Restricted Traffic Limited Functionality (Windows/Office/Telemetry/Privacy)

[Velocet]

Since everyone is freaking out about privacy, data collection, disabling services and other stuff it's time to finally get a solution that works with the least amount of work and no third-party apps like WPD, O&O ShutUp, etc. What most users forget and the apps won't tell you: Most of these settings only work on Enterprise editions.

Microsoft provides an overview of all settings and endpoints that you need to change/block:
Manage connections from Windows 10 operating system components to Microsoft services - This site is the main entry point for Windows.
Overview of privacy controls for Microsoft 365 Apps for enterprise - This site is the main entry point for Office 365 (also applies to Office 2016/2019)
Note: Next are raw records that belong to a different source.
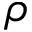<formula> <loc_0><loc_0><loc_500><loc_500>\rho</formula> 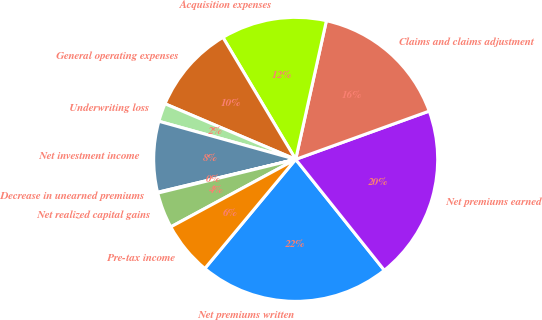Convert chart. <chart><loc_0><loc_0><loc_500><loc_500><pie_chart><fcel>Net premiums written<fcel>Net premiums earned<fcel>Claims and claims adjustment<fcel>Acquisition expenses<fcel>General operating expenses<fcel>Underwriting loss<fcel>Net investment income<fcel>Decrease in unearned premiums<fcel>Net realized capital gains<fcel>Pre-tax income<nl><fcel>21.78%<fcel>19.79%<fcel>16.01%<fcel>12.03%<fcel>10.04%<fcel>2.08%<fcel>8.05%<fcel>0.09%<fcel>4.07%<fcel>6.06%<nl></chart> 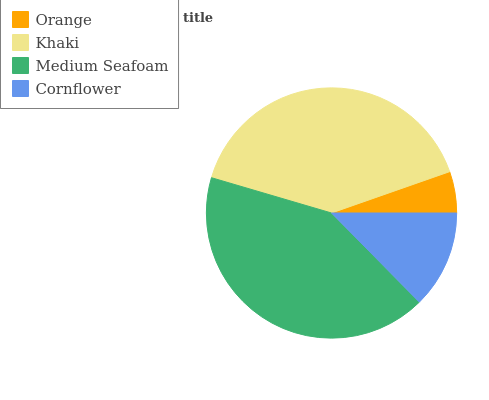Is Orange the minimum?
Answer yes or no. Yes. Is Medium Seafoam the maximum?
Answer yes or no. Yes. Is Khaki the minimum?
Answer yes or no. No. Is Khaki the maximum?
Answer yes or no. No. Is Khaki greater than Orange?
Answer yes or no. Yes. Is Orange less than Khaki?
Answer yes or no. Yes. Is Orange greater than Khaki?
Answer yes or no. No. Is Khaki less than Orange?
Answer yes or no. No. Is Khaki the high median?
Answer yes or no. Yes. Is Cornflower the low median?
Answer yes or no. Yes. Is Cornflower the high median?
Answer yes or no. No. Is Medium Seafoam the low median?
Answer yes or no. No. 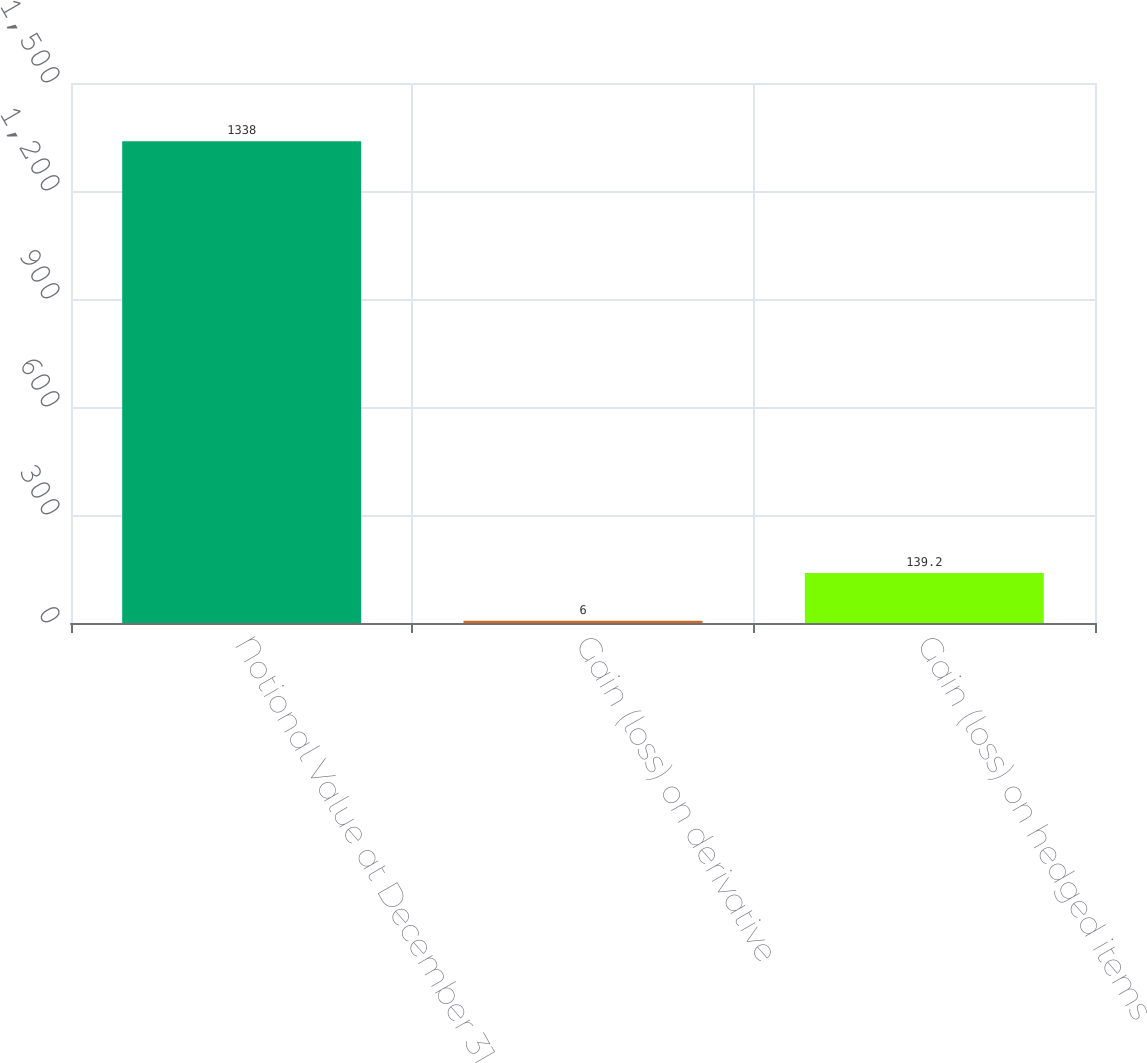<chart> <loc_0><loc_0><loc_500><loc_500><bar_chart><fcel>Notional Value at December 31<fcel>Gain (loss) on derivative<fcel>Gain (loss) on hedged items<nl><fcel>1338<fcel>6<fcel>139.2<nl></chart> 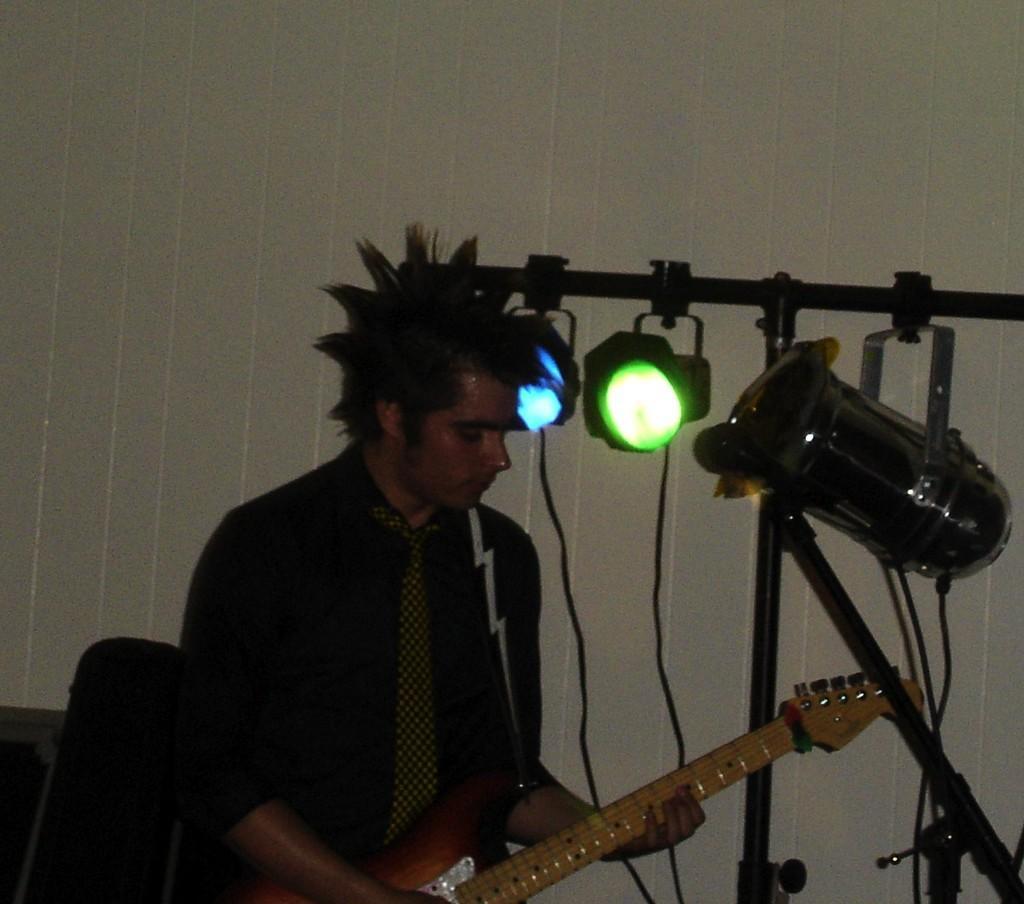Please provide a concise description of this image. In this picture we can see a man who is playing guitar. On the background there is a wall and these are the lights. 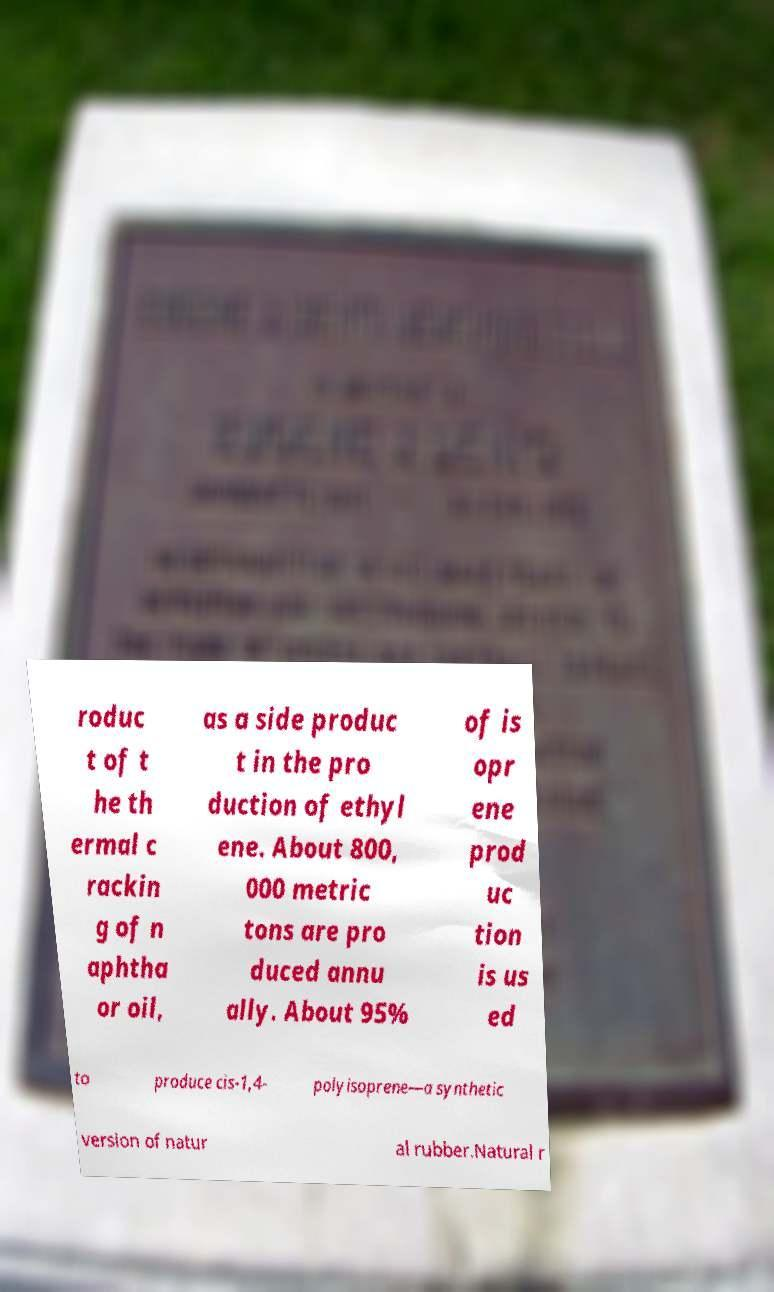Please identify and transcribe the text found in this image. roduc t of t he th ermal c rackin g of n aphtha or oil, as a side produc t in the pro duction of ethyl ene. About 800, 000 metric tons are pro duced annu ally. About 95% of is opr ene prod uc tion is us ed to produce cis-1,4- polyisoprene—a synthetic version of natur al rubber.Natural r

For all you crazy people out there with zero knowledge about what you are doing (like using the hosts file to block IPs...) Microsoft is providing a list which endpoint is responsible for which functionality:
Manage connection endpoints for Windows 10 Enterprise, version 2004 - Just click on Learn how to turn off traffic to the following endpoint(s) and you will know which setting it is.

nuhi
To make it as easy as possible for you to implement Microsoft provides a set of files which hold the corresponding GPOs/registry keys. You can always find the latest version of this file (which includes settings for all Windows 10 and Server versions) here:
Windows Restricted Traffic Limited Functionality Baseline
With the provided ADMX and ADML files you also don't have to write any text or explanation. Just parse these XML files. I hope that this will make it less painful for you to implement.

 

[netefu]

For all you crazy (more like wise) people out there
1. Play around with NTLite and remove components as much as you can by trial and error.
(OPTIONAL STEP) Install a paid and trustworthy VPN with killswitch. Use bitcoin for purchase.
2. Install Sphinx Windows 10 Firewall Control
3. Make hostprocess (svchost.exe) zone: "svchost+noupdates" (this won't let services to connect to the internet, but your programs -ie browser, games etc. will work fine. You'll have to MANUALLY update your PC after that preferably month to month)
4. Make System zone: Localsystem (this will also block MS Windows shenanigans)
5. Make that stupid operating system your bitc*. When you tell him to shut up it will SHUT THE f**k UP.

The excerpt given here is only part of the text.